Breaking the law in Kentucky.

Sorry there's been so little blogging of late. You can probably expect that to continue, to be honest. I've just got too damned tired of the British Government to bother mentioning how enormously crap they are any more. I mean, what would be the point? That enough complaining by enough people might see them replaced? With what? Oh, the Tories. Yeah, excuse me if I fail to caper excitedly at that prospect.

But here's a brief little tidbit from the glorious US, where things are far more interesting. A teacher has been fired for biting one of her pupils.

[Caroline] Kolb has pleaded not guilty to biting 14-year-old Garrick Hudson on the back during a classroom altercation at Stuart Middle School in January.


Garrick Hudsons mother, Cassandra Hicks, said the incident occurred Jan. 11 when her son disobeyed Kolbs order to spit out some candy. Kolb told him to stand in the hallway, but he returned to get his books, she said.

Those of us who went to school will recognise that "to get his books" as first-order bullshit. He came back in because he wasn't allowed to, in order to piss the teacher off and disrupt the class. Obviously.

That being said, his teacher's reaction may be just a tad disproportionate:

As Kolb and Garrick struggled over the books, he fell and hit his head and she "started biting him on his left upper shoulder."

Garrick was treated at Kosair Childrens Hospital for a bite wound, according to court records. He also had a small knot on his head.

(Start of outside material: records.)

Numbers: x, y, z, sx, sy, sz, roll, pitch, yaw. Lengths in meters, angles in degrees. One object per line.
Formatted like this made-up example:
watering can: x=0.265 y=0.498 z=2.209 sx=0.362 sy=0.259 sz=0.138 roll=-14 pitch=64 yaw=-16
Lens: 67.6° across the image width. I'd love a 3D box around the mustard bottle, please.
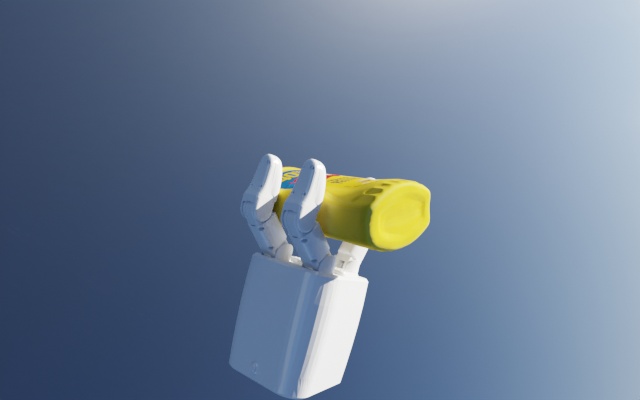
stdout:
mustard bottle: x=0.000 y=0.001 z=0.457 sx=0.191 sy=0.058 sz=0.096 roll=10 pitch=18 yaw=43
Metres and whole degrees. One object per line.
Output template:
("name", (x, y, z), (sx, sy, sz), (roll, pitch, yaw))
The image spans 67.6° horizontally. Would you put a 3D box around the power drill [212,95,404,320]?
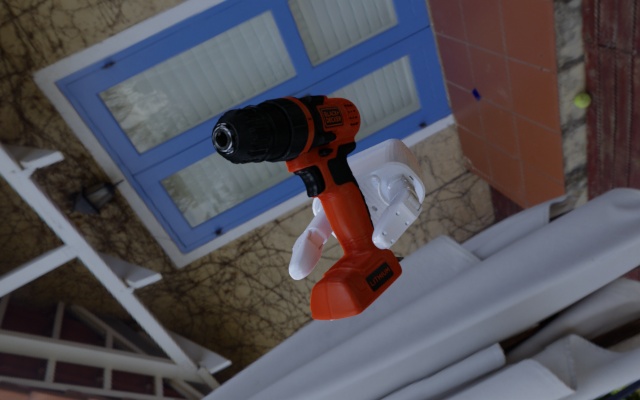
("power drill", (0.000, 0.002, 0.411), (0.057, 0.187, 0.184), (-14, 5, 35))
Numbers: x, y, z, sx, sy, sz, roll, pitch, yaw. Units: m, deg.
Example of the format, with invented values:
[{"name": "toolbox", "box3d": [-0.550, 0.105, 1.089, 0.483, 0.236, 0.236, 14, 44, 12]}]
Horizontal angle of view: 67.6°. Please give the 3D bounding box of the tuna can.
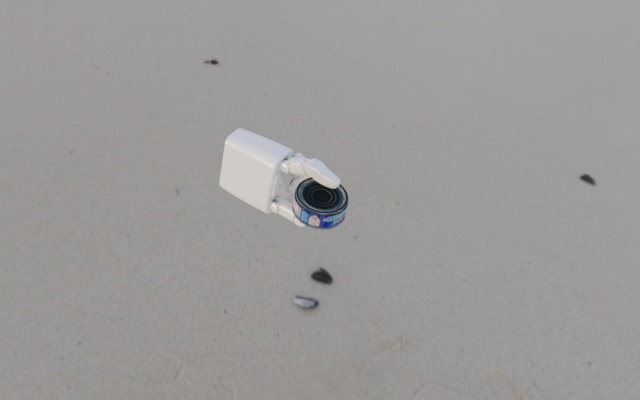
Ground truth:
[{"name": "tuna can", "box3d": [0.000, 0.002, 0.740, 0.086, 0.086, 0.034, 6, -46, -6]}]
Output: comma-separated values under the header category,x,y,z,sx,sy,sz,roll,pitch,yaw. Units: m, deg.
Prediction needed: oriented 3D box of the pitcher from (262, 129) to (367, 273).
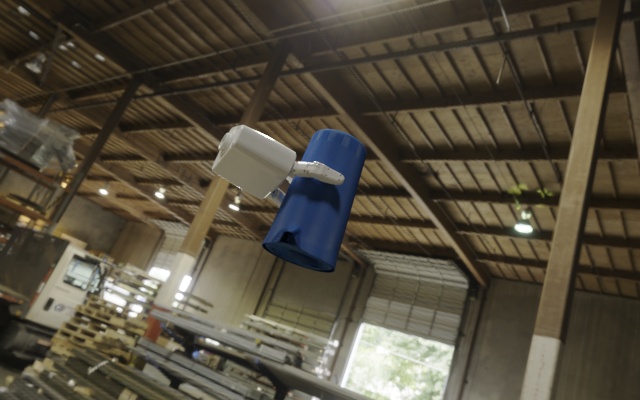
category,x,y,z,sx,sy,sz,roll,pitch,yaw
pitcher,0.000,0.003,0.868,0.145,0.242,0.149,29,-20,-22
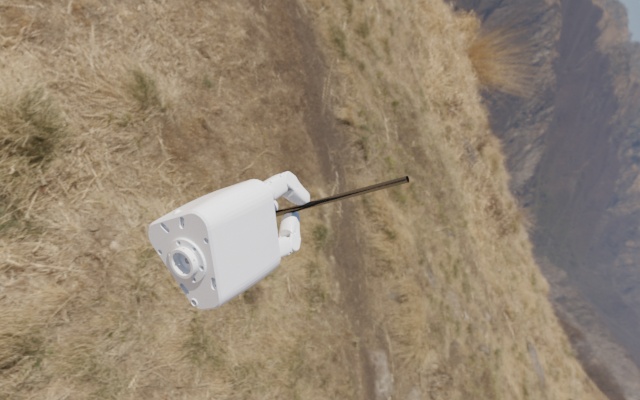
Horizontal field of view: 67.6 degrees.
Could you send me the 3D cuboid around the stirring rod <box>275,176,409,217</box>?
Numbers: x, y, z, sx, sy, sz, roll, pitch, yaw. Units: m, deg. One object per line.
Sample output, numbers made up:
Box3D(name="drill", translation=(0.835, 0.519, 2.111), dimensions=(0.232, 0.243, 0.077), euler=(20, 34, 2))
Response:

According to Kolbs termination letter, two students said they saw her bite him, and several staff members said they later heard Kolb admit doing so.

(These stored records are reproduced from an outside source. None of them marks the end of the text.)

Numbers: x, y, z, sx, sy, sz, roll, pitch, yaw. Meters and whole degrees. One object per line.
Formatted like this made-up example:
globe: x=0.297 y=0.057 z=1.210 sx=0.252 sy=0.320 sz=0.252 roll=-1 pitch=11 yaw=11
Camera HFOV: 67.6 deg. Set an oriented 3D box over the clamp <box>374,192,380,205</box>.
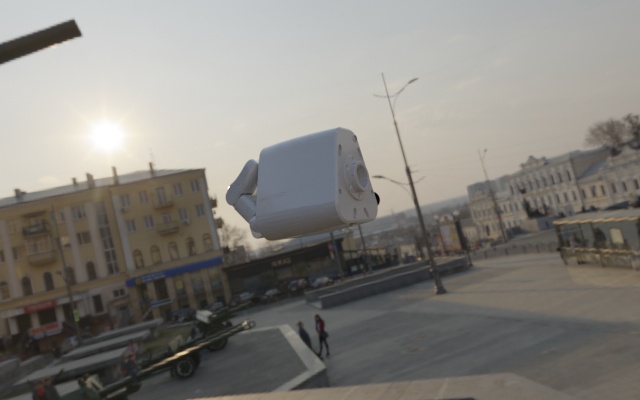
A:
clamp: x=0.000 y=0.002 z=0.652 sx=0.120 sy=0.039 sz=0.171 roll=-9 pitch=-1 yaw=32
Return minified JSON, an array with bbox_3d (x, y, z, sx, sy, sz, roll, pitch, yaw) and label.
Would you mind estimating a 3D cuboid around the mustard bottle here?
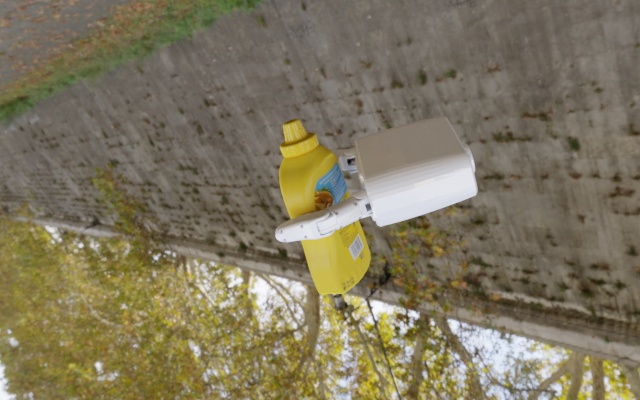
[{"bbox_3d":[0.000,0.002,0.533,0.058,0.192,0.096,-7,23,31],"label":"mustard bottle"}]
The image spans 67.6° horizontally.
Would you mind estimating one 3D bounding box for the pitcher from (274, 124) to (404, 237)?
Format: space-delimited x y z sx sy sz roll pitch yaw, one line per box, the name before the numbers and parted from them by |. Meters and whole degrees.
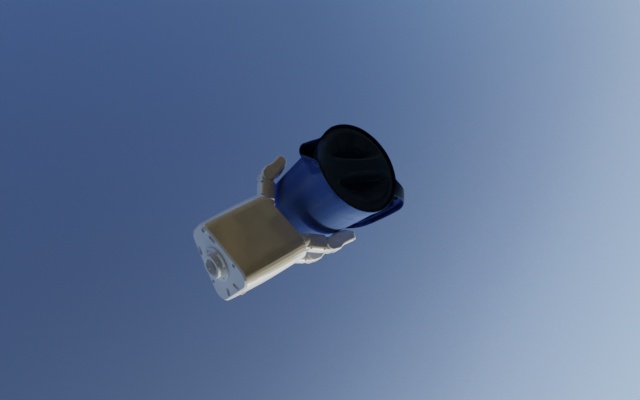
pitcher | 0.000 0.002 0.738 0.145 0.149 0.243 -30 -3 -41

So her not-guilty plea's probably not going to do too well. Especially with this addition:

"You denied biting the student, but admitted that you found fabric in your mouth during the incident," the letter stated.

Oh, I hope she tries that one in court.

Anyway, fun aside, here's the really important bit of the story:

In 2004 and 2005, administrators had warned Kolb to avoid being physically confrontational with students, according to her termination letter.

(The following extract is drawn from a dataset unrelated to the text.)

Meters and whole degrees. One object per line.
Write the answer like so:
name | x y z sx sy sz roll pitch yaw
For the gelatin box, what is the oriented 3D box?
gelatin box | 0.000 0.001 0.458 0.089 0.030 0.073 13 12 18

I may be sticking my neck out here, but I guess that she was warned to stop doing it because she'd been doing it. So a teacher who had had some sort of physical scuffle with pupils twice before was still allowed to work in the school, and was only fired after her third infraction, which led to the pupil needing hospital treatment. Fighting students twice was not considered sufficient reason to get rid of this teacher. Let's just compare that to the way teachers treat students, shall we?

Plucking an example entirely at random, we see that merely holding — not drinking — a test-tube containing just one ounce of beer gets you sent to a special school for six weeks, despite recent legislation specifically introduced to make teachers use their discretion in such cases. That was in Texas. In Kentucky, the state in which Caroline Kolb bit her pupil, writing second-rate short stories landed a pupil in court defending himself against terrorism charges. One of the stories contained the death of the narrator occurring days before the court appearance. You'd think that the defendant's non-death would be pretty good evidence that the story was fictional, but apparently not.

A few weeks ago, a rather hostile commenter to this blog complained that my saying "Break the American teachers' unions" marked me out as a nasty extreme-right-wing union-crushing fascist, or something. What I was writing about when I said that was the case of an American schoolboy expelled from school for writing his own initials in his own notebook, because his initials might possibly be similar to those of a phrase which might possibly have something to do with a couple of local gangs. Maybe.

What the Left are supposed to stand for above all else is equality. Imagine the response from teachers' unions if a teacher were sacked for drawing a picture of a gun, or for "drug use" because they were found in possession of lemon drops. Yet it is the teachers' unions who pushed so hard for zero-tolerance punishment regimes in schools in the first place. So compare and contrast. Student sketches a gun? Expelled. Student writes about violence? Arrested. Teacher fights a student? Nothing. And they do it again? Slap on the wrist and warned not to do it again. What's so fucking left-wing about that that criticising it makes me a Nazi?